The agency promised to match every dollar donated up to $2,500. It's not clear why the agency didn't just fund the extended trip itself, but it found plenty of takers, not to mention publicity, with the hashtag #TeddyinBrazil.

So what’s going on? Is D’Amico a marketing invention meant to promote his agency?

There’s no suggestion that’s the case. Rather, it’s clear D’Amico’s agency saw an opportunity for a feel-good grassroots campaign (donations above $5000 will go to charity) to keep a popular fan supporting the United States in Brazil, one that also happened to shine a positive light on Calvary.

Journalist and Howler editor Alexander Abnos, who spoke with D’Amico in Brazil, says he believes D’Amico’s support, and character, are genuine and that the fundraising stunt wasn't his idea. 

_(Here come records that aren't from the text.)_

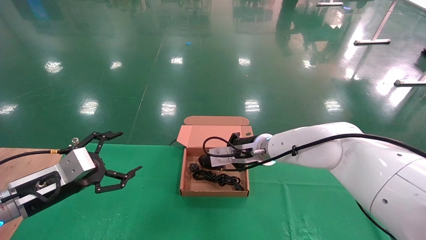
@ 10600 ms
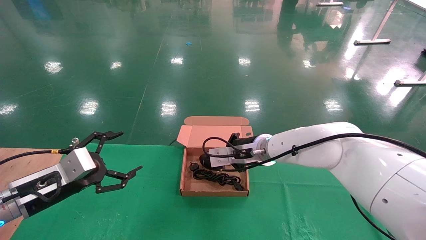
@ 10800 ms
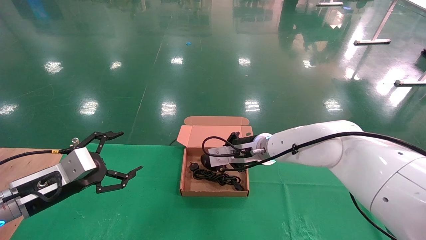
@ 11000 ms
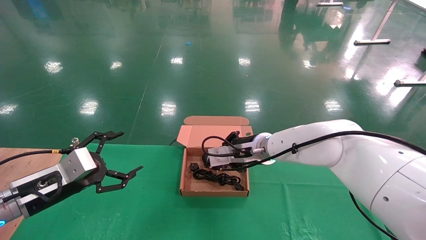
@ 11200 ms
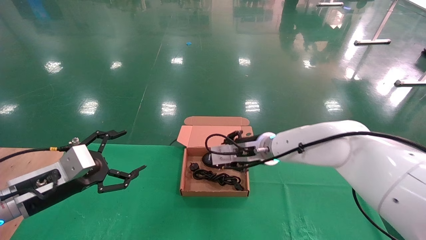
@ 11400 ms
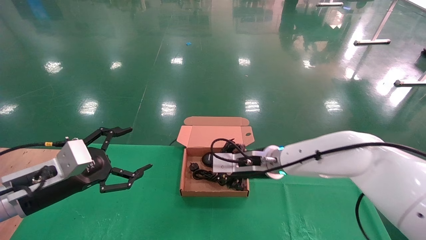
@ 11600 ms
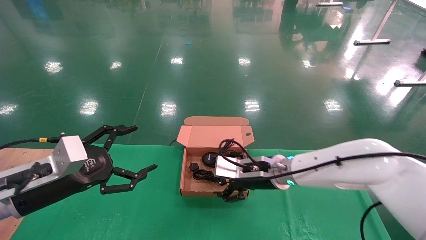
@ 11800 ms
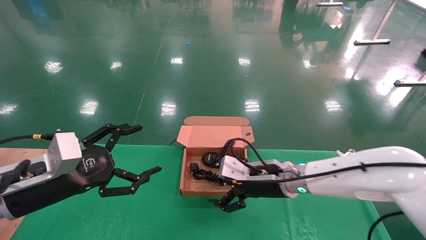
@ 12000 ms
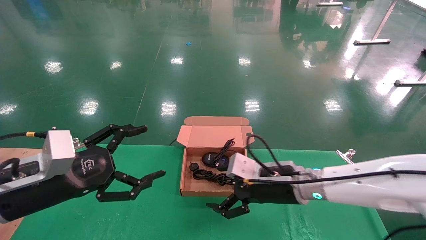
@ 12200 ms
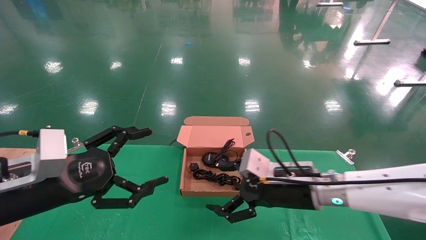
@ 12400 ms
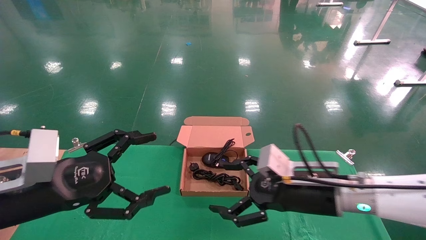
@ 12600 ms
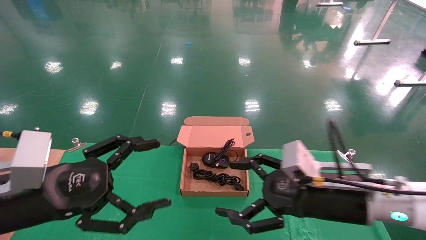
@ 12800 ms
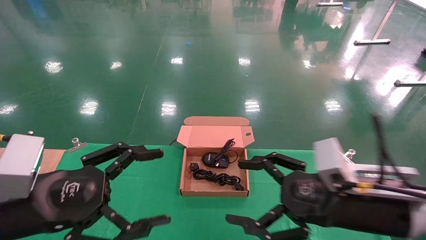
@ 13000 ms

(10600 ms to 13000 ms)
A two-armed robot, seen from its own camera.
10600 ms - 11800 ms: The right gripper moves some 5 cm, and opens up, while the left gripper ends up roughly 5 cm from where it was.
11800 ms - 13000 ms: The left gripper goes about 10 cm backward. Meanwhile the right gripper shifts some 20 cm backward and to the right.

Even so, Calvary may want to tread lightly here, not only to maintain good PR, but also to avoid running foul of FIFA’s strict Brand Protection policy which targets “guerilla marketing” inside FIFA stadiums.

But in the meantime, you can love Teddy knowing that he really is just a soccer-loving Chicagoan presidential lookalike living in the dream along with Klinsmann’s team.